Engineering · 14 min read
RAG vs Fine-Tuning: When to Use What
A practical comparison of retrieval-augmented generation and fine-tuning for enterprise AI applications, with cost analysis, latency benchmarks, decision flowchart, and real client examples.
RAG vs Fine-Tuning: When to Use What
One of the most common questions we get from clients: "Should we use RAG or fine-tune a model?" The answer depends on your use case, data, and requirements. But the conversation usually needs more nuance than a simple either/or, so this post provides a comprehensive framework for making the decision, complete with cost analysis, latency benchmarks, and real examples from our client work.
Understanding the Fundamentals
Retrieval-Augmented Generation (RAG) keeps the base LLM unchanged and instead retrieves relevant documents at query time, injecting them into the prompt as context. The model uses this context to generate its response.
Fine-tuning modifies the LLM's weights by training it on your specific dataset. The model learns patterns, terminology, and behaviors from your data and retains them in its parameters.
These are not interchangeable techniques - they solve different problems, and understanding the distinction is critical.
RAG answers the question: "How do I give the model access to my specific knowledge?"
Fine-tuning answers the question: "How do I change the model's behavior, style, or domain understanding?"
When to Use RAG
RAG is the right choice when your primary need is to ground the model in specific, factual information.

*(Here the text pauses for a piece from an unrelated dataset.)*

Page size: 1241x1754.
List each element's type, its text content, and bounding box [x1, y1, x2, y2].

It works especially well for:
- Knowledge bases that change frequently. If your documentation, policies, or data update weekly or monthly, RAG automatically picks up changes when documents are re-indexed. Fine-tuning would require retraining.

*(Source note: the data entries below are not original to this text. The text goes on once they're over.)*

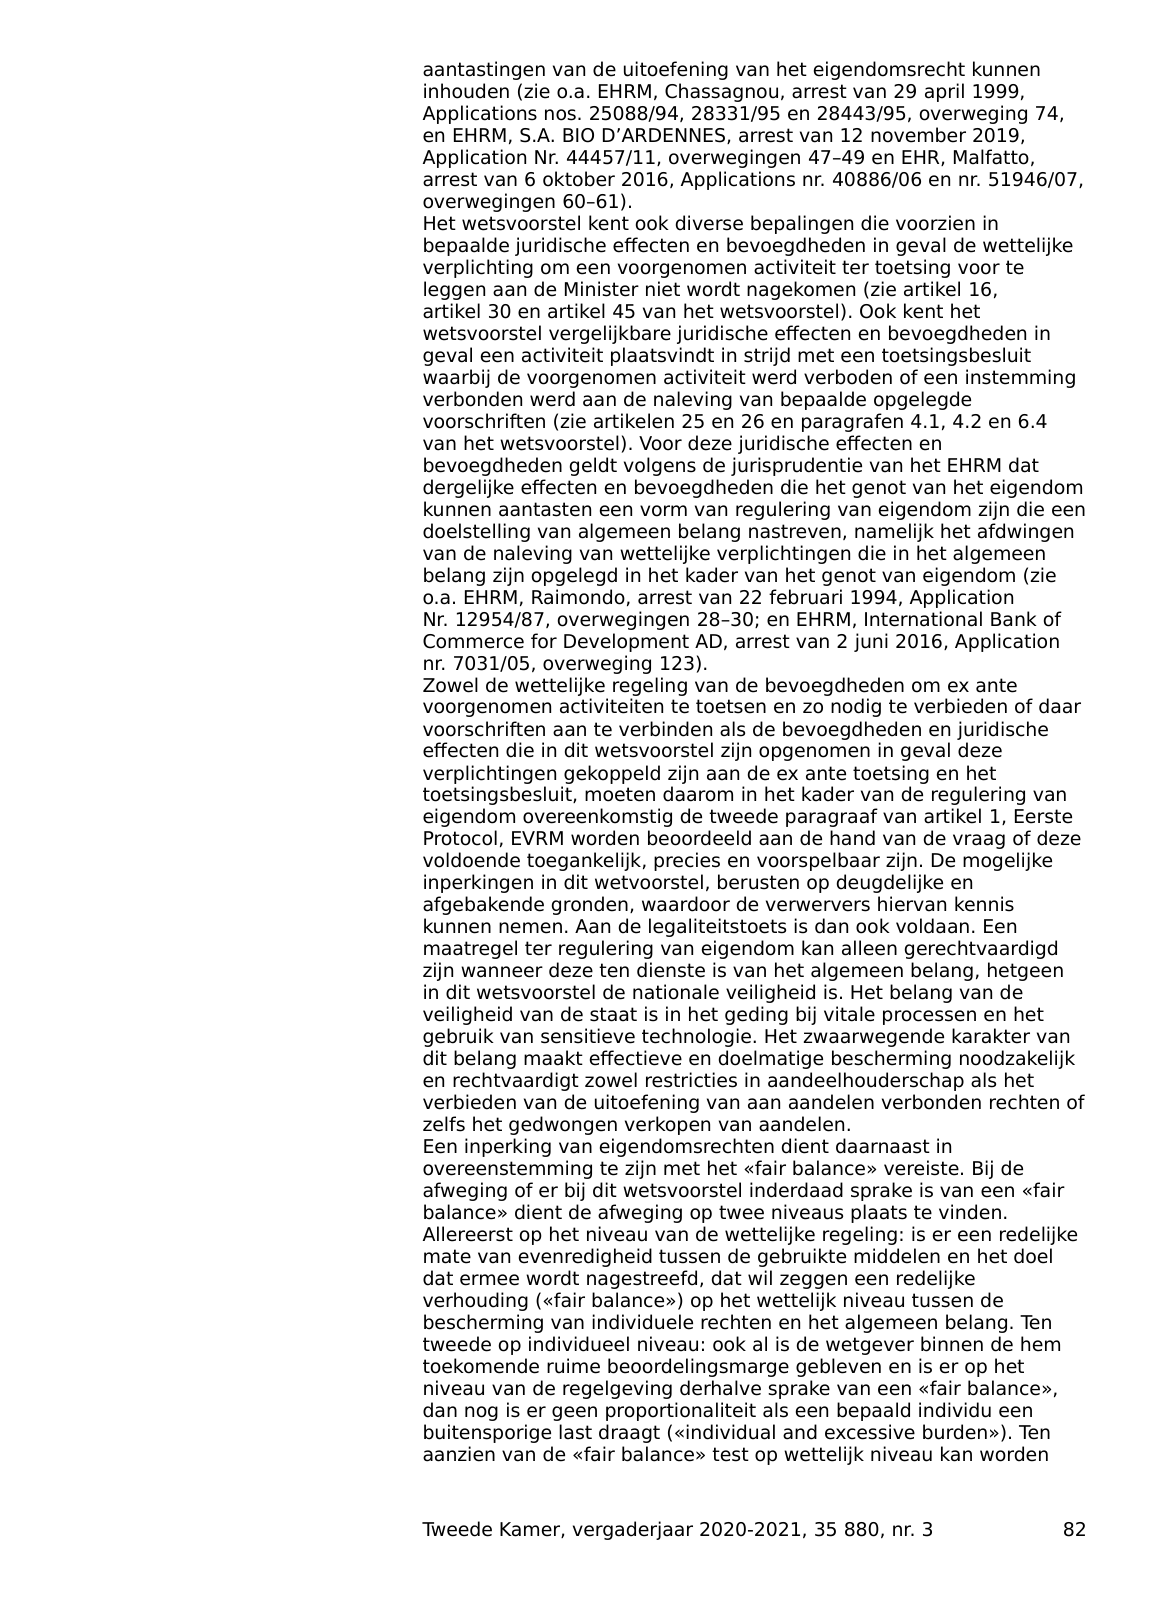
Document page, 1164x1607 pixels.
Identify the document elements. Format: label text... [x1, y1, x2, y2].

text Een inperking van eigendomsrechten dient daarnaast in overeenstemming te zijn met het «fair balance» vereiste. Bij de afweging of er bij dit wetsvoorstel inderdaad sprake is van een «fair balance» dient de afweging op twee niveaus plaats te vinden. Allereerst op het niveau van de wettelijke regeling: is er een redelijke mate van evenredigheid tussen de gebruikte middelen en het doel dat ermee wordt nagestreefd, dat wil zeggen een redelijke verhouding («fair balance») op het wettelijk niveau tussen de bescherming van individuele rechten en het algemeen belang. Ten tweede op individueel niveau: ook al is de wetgever binnen de hem toekomende ruime beoordelingsmarge gebleven en is er op het niveau van de regelgeving derhalve sprake van een «fair balance», dan nog is er geen proportionaliteit als een bepaald individu een buitensporige last draagt («individual and excessive burden»). Ten aanzien van de «fair balance» test op wettelijk niveau kan worden [422, 1136, 1087, 1466]
text aantastingen van de uitoefening van het eigendomsrecht kunnen inhouden (zie o.a. EHRM, Chassagnou, arrest van 29 april 1999, Applications nos. 25088/94, 28331/95 en 28443/95, overweging 74, en EHRM, S.A. BIO D’ARDENNES, arrest van 12 november 2019, Application Nr. 44457/11, overwegingen 47–49 en EHR, Malfatto, arrest van 6 oktober 2016, Applications nr. 40886/06 en nr. 51946/07, overwegingen 60–61). [422, 59, 1087, 213]
text Het wetsvoorstel kent ook diverse bepalingen die voorzien in bepaalde juridische effecten en bevoegdheden in geval de wettelijke verplichting om een voorgenomen activiteit ter toetsing voor te leggen aan de Minister niet wordt nagekomen (zie artikel 16, artikel 30 en artikel 45 van het wetsvoorstel). Ook kent het wetsvoorstel vergelijkbare juridische effecten en bevoegdheden in geval een activiteit plaatsvindt in strijd met een toetsingsbesluit waarbij de voorgenomen activiteit werd verboden of een instemming verbonden werd aan de naleving van bepaalde opgelegde voorschriften (zie artikelen 25 en 26 en paragrafen 4.1, 4.2 en 6.4 van het wetsvoorstel). Voor deze juridische effecten en bevoegdheden geldt volgens de jurisprudentie van het EHRM dat dergelijke effecten en bevoegdheden die het genot van het eigendom kunnen aantasten een vorm van regulering van eigendom zijn die een doelstelling van algemeen belang nastreven, namelijk het afdwingen van de naleving van wettelijke verplichtingen die in het algemeen belang zijn opgelegd in het kader van het genot van eigendom (zie o.a. EHRM, Raimondo, arrest van 22 februari 1994, Application Nr. 12954/87, overwegingen 28–30; en EHRM, International Bank of Commerce for Development AD, arrest van 2 juni 2016, Application nr. 7031/05, overweging 123). [422, 213, 1087, 674]
text Zowel de wettelijke regeling van de bevoegdheden om ex ante voorgenomen activiteiten te toetsen en zo nodig te verbieden of daar voorschriften aan te verbinden als de bevoegdheden en juridische effecten die in dit wetsvoorstel zijn opgenomen in geval deze verplichtingen gekoppeld zijn aan de ex ante toetsing en het toetsingsbesluit, moeten daarom in het kader van de regulering van eigendom overeenkomstig de tweede paragraaf van artikel 1, Eerste Protocol, EVRM worden beoordeeld aan de hand van de vraag of deze voldoende toegankelijk, precies en voorspelbaar zijn. De mogelijke inperkingen in dit wetvoorstel, berusten op deugdelijke en afgebakende gronden, waardoor de verwervers hiervan kennis kunnen nemen. Aan de legaliteitstoets is dan ook voldaan. Een maatregel ter regulering van eigendom kan alleen gerechtvaardigd zijn wanneer deze ten dienste is van het algemeen belang, hetgeen in dit wetsvoorstel de nationale veiligheid is. Het belang van de veiligheid van de staat is in het geding bij vitale processen en het gebruik van sensitieve technologie. Het zwaarwegende karakter van dit belang maakt effectieve en doelmatige bescherming noodzakelijk en rechtvaardigt zowel restricties in aandeelhouderschap als het verbieden van de uitoefening van aan aandelen verbonden rechten of zelfs het gedwongen verkopen van aandelen. [422, 674, 1087, 1136]

- Source attribution and citations. Because RAG retrieves specific documents, you can show users exactly which sources informed the response. This is essential for compliance, legal, and healthcare applications.
- Large knowledge corpora. RAG can search over millions of documents. Fine-tuning has data limits and cannot encode a large corpus of facts into model weights reliably.
- Question-answering and search use cases. When users are asking factual questions about your data, RAG is almost always the right approach.
- Avoiding the cost and complexity of training. RAG requires no GPU compute for training, no model management, and no retraining pipeline.
RAG architecture in production:
// Production RAG pipeline
import { OpenAI } from "openai";
interface RAGConfig {
vectorStore: VectorStore;
embeddingModel: string;
llmModel: string;
topK: number;
similarityThreshold: number;
maxContextTokens: number;
}
async function ragQuery(
query: string,
config: RAGConfig
): Promise<{ answer: string; sources: Document[] }> {
// Step 1: Embed the query
const queryEmbedding = await embed(query, config.embeddingModel);
// Step 2: Retrieve relevant documents
const retrieved = await config.vectorStore.search({
vector: queryEmbedding,
topK: config.topK,
threshold: config.similarityThreshold,
});
// Step 3: Filter and rank (re-ranking improves quality)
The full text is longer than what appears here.